Veeam is a huge provider of backup services – it names over 450,000 customers globally including 81% of the Fortune 500 and 70% of the Global 2000 – making it a compelling target. Threat actors will no doubt be looking to reverse engineer the patch in order to assess how to exploit the vulnerability in the very near future.
The Veeam vulnerability has the (perhaps surprisingly modest) CVSS of 7.5.
The may be because although the bug sounds troubling, users with their Veeam environment properly configured, for example in an isolated network/subnet and with a properly configured firewall should only have the port in question opened to other Veeam servers; so whilst it might be useful to move laterally in Veeam, you’d have to have already cracked another Veeam server to make effective use of it as a hacker.
Configuration mishaps or a cavalier approach to internet-exposure are not, of course, uncommon.

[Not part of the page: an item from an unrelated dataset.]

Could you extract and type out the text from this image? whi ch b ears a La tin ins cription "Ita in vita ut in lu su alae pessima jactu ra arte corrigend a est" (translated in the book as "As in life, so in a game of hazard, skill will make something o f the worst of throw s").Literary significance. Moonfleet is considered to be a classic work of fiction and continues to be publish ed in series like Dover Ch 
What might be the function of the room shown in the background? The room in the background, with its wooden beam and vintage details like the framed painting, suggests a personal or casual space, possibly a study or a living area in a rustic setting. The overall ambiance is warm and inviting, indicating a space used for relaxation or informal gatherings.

Veeam's advisory, KB442, is here.
Veeam vulnerability warning follows server backup attacks
Backup software is a big target. The Veeam vulnerability warning comes days after CISA warned that server backup software from ConnectWise was being exploited in the wild by attackers, who were using the vulnerable software agent to tailgate into other servers that were being backed up; effectively surfing backwards from backup systems to live environments from which they can steal critical data or drop malware as they choose.
Most companies affected by that vulnerability (CVE-2022-36537) rapidly patched or pulled exposed interfaces offline – there were 4,738 instances exposed at the initial time of disclosure in October 2022.

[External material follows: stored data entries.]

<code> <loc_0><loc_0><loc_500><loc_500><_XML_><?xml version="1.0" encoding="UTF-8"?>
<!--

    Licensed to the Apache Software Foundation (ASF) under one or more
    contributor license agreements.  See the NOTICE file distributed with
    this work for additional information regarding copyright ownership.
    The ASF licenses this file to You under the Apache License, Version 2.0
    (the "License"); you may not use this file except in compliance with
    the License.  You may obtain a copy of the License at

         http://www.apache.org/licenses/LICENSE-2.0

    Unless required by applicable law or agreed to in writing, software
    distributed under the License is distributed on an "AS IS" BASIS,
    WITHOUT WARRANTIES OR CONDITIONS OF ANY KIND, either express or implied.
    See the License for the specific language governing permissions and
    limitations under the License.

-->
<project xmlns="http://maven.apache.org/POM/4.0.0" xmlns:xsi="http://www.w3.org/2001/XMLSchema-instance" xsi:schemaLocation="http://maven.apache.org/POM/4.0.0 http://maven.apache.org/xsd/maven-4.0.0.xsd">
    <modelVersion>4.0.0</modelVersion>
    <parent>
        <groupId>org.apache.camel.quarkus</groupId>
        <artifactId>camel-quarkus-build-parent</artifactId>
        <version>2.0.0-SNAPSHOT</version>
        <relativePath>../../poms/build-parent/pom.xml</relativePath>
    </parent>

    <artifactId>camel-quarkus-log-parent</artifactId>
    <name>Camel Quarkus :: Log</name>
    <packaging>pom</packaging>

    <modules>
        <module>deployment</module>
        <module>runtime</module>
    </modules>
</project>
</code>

Researchers at FOX-IT said in a February 22 blog that as of early this year they could still identify 286 servers running vulnerable versions of the software. The Stack noted that at least one of those was a UK provider of critical IaaS services to the financial sector. (When contacted the company initially denied knowledge of the exposure and then insisted that the three servers publicly exposed were honeypots.)
Back in November 2022 meanwhile Oracle also warned that its Oracle Secure Backup suite was exposed to an “easily exploitable vulnerability [that] allows unauthenticated attacker with network access via HTTP to compromise [and] takeover [the product]”, giving the pre-auth RCE vulnerability a critical CVSS of 9.8.
Like the ConnectWise vulnerability (which affects its R1Soft Server Backup Manager software) Oracle’s bug had its roots in an upstream open source component. The R1Soft bug stemmed from an issue in the open source ZK Java framework. The Oracle backup vulnerability meanwhile had its roots in CVE-2022-31813.
That’s a bug in Apache HTTP Server 2.4.53 and earlier. The vulnerability exists because Apache HTTPD mod_proxy between versions 2.2.1 and 2.4.53, does not fill the X-Forwarded headers when those are listed as hop-by-hop. Applications hosted behind it can misunderstand the real client’s IP address or requested hostname. (The bug, first reported in June 2022 and written about in detail by security researchers at Synacktiv who reported it, affected numerous downstream software products that rely on Apache HTTP Server.)